Medical transportation via commercial airline from B.C. to Ontario can cost from $8,000 to $9,000, according to Gail Courneyea, founder and president of Angels of Flight. For individuals who are more critically injured and require an air ambulance, that cost can jump to about $30,000.
Courneyea founded the Global Angel Charitable Organization through fundraisers and grants to provide financial assistance to those who cannot afford hefty medical transportation fees. The charity has assisted ill and injured Canadians stranded abroad or in another province without travel insurance or the money to pay for medical transportation home.
“The cost of travel insurance is very small in comparison to if you have an accident or emergency, while you were outside your province,” Finn said. For those who plan to travel to the U.S. or outside their province of residence more than once in a year, Finn suggests purchasing an annual, multi-trip insurance policy to avoid purchasing travel insurance with each trip.

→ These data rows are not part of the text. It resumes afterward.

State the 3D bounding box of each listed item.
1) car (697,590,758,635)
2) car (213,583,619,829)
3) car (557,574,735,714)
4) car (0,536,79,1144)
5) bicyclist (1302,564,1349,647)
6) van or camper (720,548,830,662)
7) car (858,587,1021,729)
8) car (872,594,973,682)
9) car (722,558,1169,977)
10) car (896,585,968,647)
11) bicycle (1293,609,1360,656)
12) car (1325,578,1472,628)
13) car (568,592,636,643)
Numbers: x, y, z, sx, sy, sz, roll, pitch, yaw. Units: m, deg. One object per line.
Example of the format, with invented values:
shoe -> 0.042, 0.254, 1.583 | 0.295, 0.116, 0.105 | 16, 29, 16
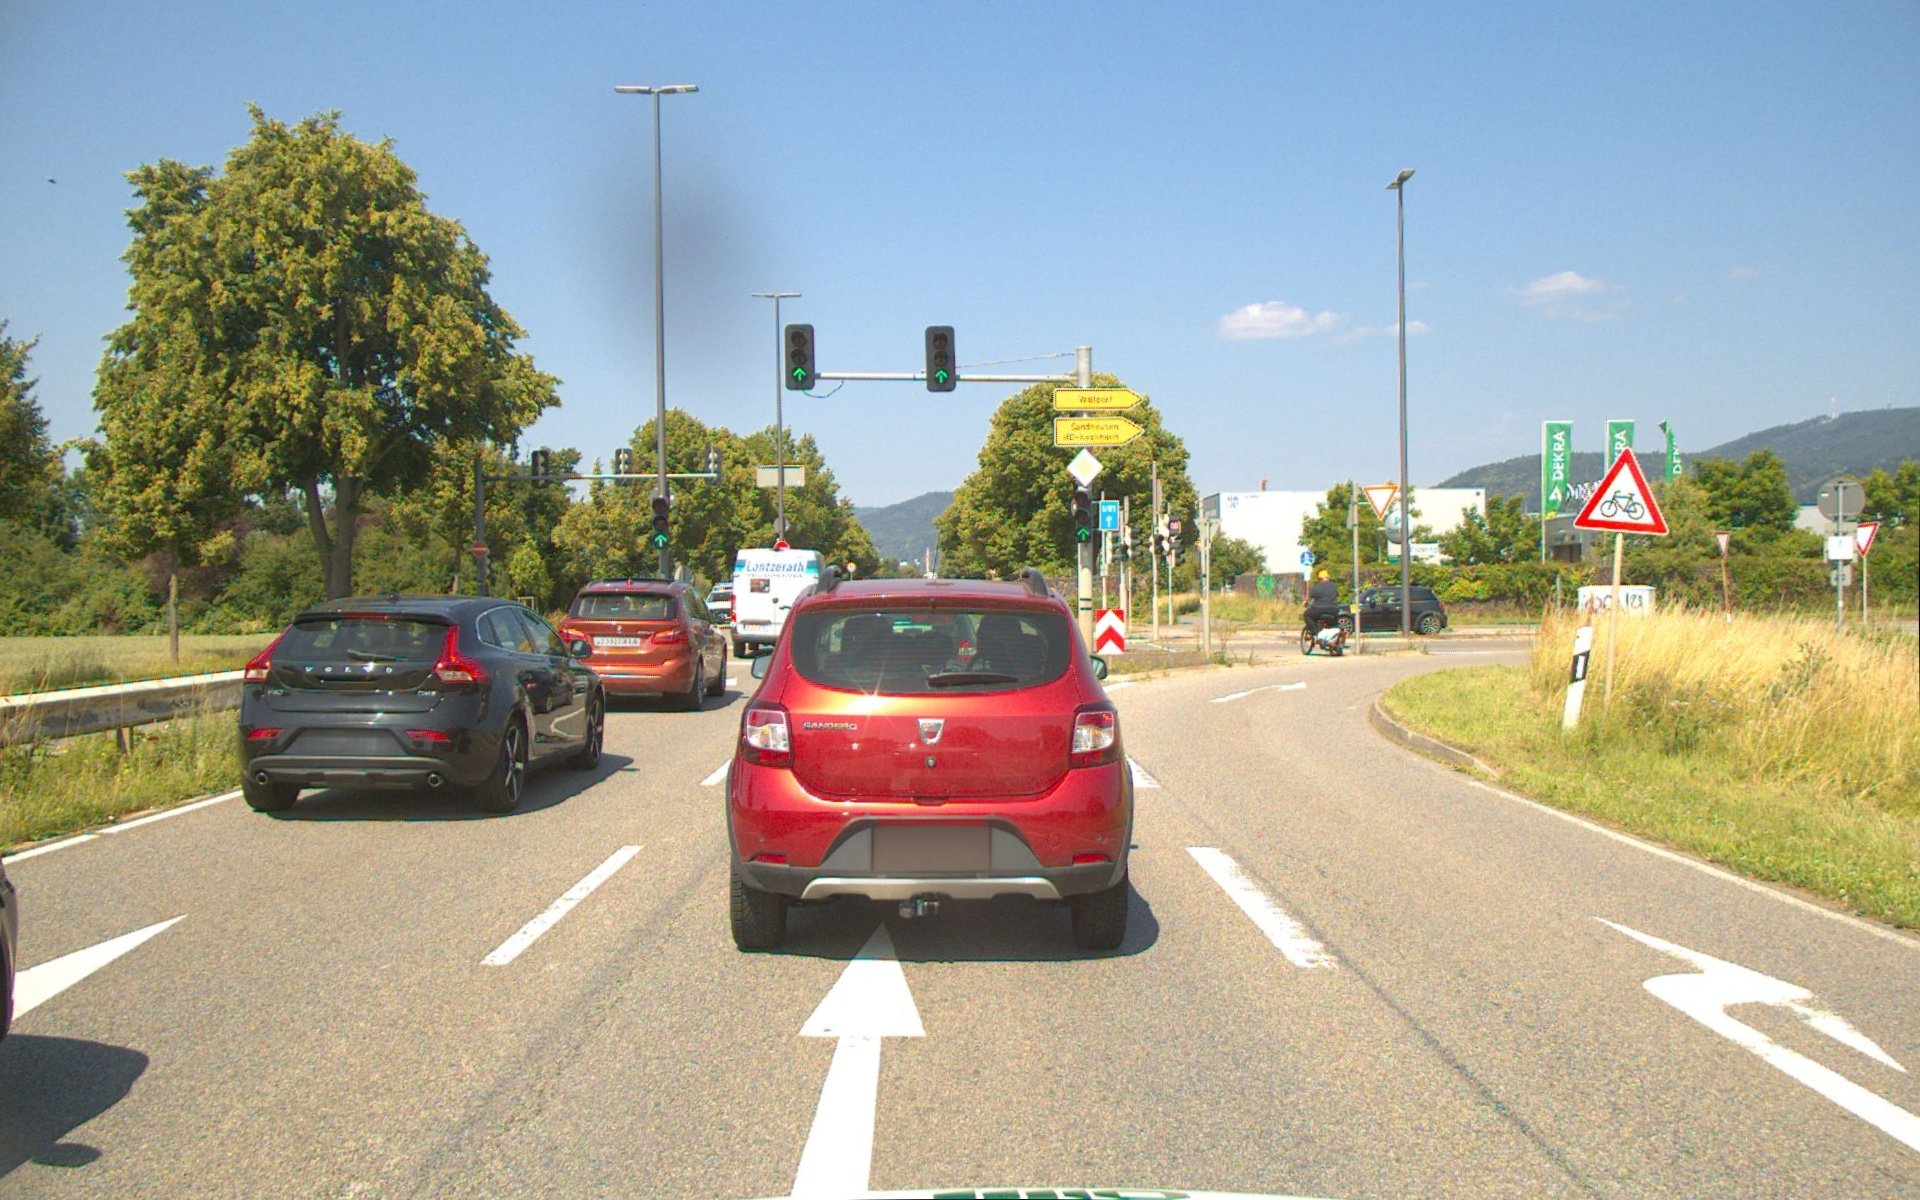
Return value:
car -> -9.271, 0.462, 66.250 | 1.953, 1.699, 3.999 | -1, 1, -2
car -> -3.746, 0.632, 12.128 | 1.667, 1.467, 3.955 | 1, 1, 0
car -> -3.952, 0.502, 21.391 | 1.689, 1.628, 3.954 | 0, 1, -2
car -> -3.365, 0.645, 2.783 | 1.688, 1.603, 3.892 | 0, 1, 0
bicyclist -> 8.049, 0.118, 36.443 | 0.786, 1.802, 0.808 | -1, 0, -3
van or camper -> -4.023, 0.082, 36.704 | 2.136, 2.343, 4.823 | 1, 0, -3
car -> -0.195, 0.601, 19.273 | 1.713, 1.483, 3.677 | 0, 1, 1
car -> -0.635, 0.648, 30.432 | 1.713, 1.483, 3.677 | 0, 1, 1
car -> -0.033, 0.623, 8.180 | 1.713, 1.603, 3.677 | 0, 1, 1
car -> -0.661, 0.369, 41.472 | 1.713, 1.483, 3.677 | 0, 1, 1
bicycle -> 8.058, 0.696, 36.484 | 0.746, 0.931, 2.778 | -1, 1, -3
car -> 12.671, 0.075, 47.978 | 3.902, 1.350, 1.808 | -1, 1, 8
car -> -12.591, 0.588, 58.326 | 1.711, 1.646, 4.133 | -1, 1, -4

Trip cancellation and interruption insurance is another important component of travel insurance. There are a number of reasons you might cancel your trip, such as a medical emergency or a natural disaster in the area you’re visiting. This type of coverage is particularly important for those buying a more expensive trip for the distant future.
Even though the company Covel works for provides some travel insurance, she purchased an all-inclusive emergency medical and trip cancellation and interruption insurance package for extra protection.
“I am a risk-averse person,” Covel said. “Because we were travelling outside of North America, I wanted to be sure we had full medical insurance — just in case.”
A wise decision, according to Finn.
“It could be that you’re covered through work, but depending on what type of trip you’re taking, you may not be,” Finn said. “We would strongly advise people to read their policy and understand it before they travel.”
Finn said this rule also applies to coverage you may receive through a credit card. She recommends travellers head to an insurance broker who can assess whether their current policy is adequate for their trip, or whether they need additional coverage based on factors such as the destination, the length of their trip and the type of activities they will be doing.
“If you’re going to go bungee jumping, if you’re going to go skiing, if you’re going to go hiking — anything that is considered an extreme sport — if you get hurt without purchasing additional travel insurance to cover your extreme sport excursion, then your basic travel insurance does not cover you to come home,” Hannah said.
“You really have to read all the small print,” Courneyea added. “Have you purchased travel insurance? Have you had a chance to read it all and know what will be covered if you become sick or injured? Nobody does. You never read it until something happens.”
If travellers do find themselves in an emergency situation while abroad, one of the benefits of purchasing travel insurance is that travellers have access to a 24-7 emergency assistance provider. Travellers should always make sure they receive a card with a toll-free and collect emergency assistance number when they purchase their insurance (and don’t forget to pack it!).
“If you’re away and your passport gets stolen and you have no idea what to do, you can call the number and they will direct you to the nearest embassy or consulate. Or if you have a medical emergency they can send you to a nearby clinic or hospital and walk you through the process,” Finn said.
The emergency assistance provider will also be managing your claim when you return home, so it’s important to call immediately to get the process started and alleviate some of the stress for when you return home.
Covel called her medical assistance number while on the cruise to confirm what process she needed to follow. And when she returned home to Ajax, she was able to make a successful insurance claim.
“The cost is small in comparison to what could be your personal cost without insurance,” Covel said. “If you never have to use it, great! But in the event something unexpected happens, you’ll be happy you had the insurance.”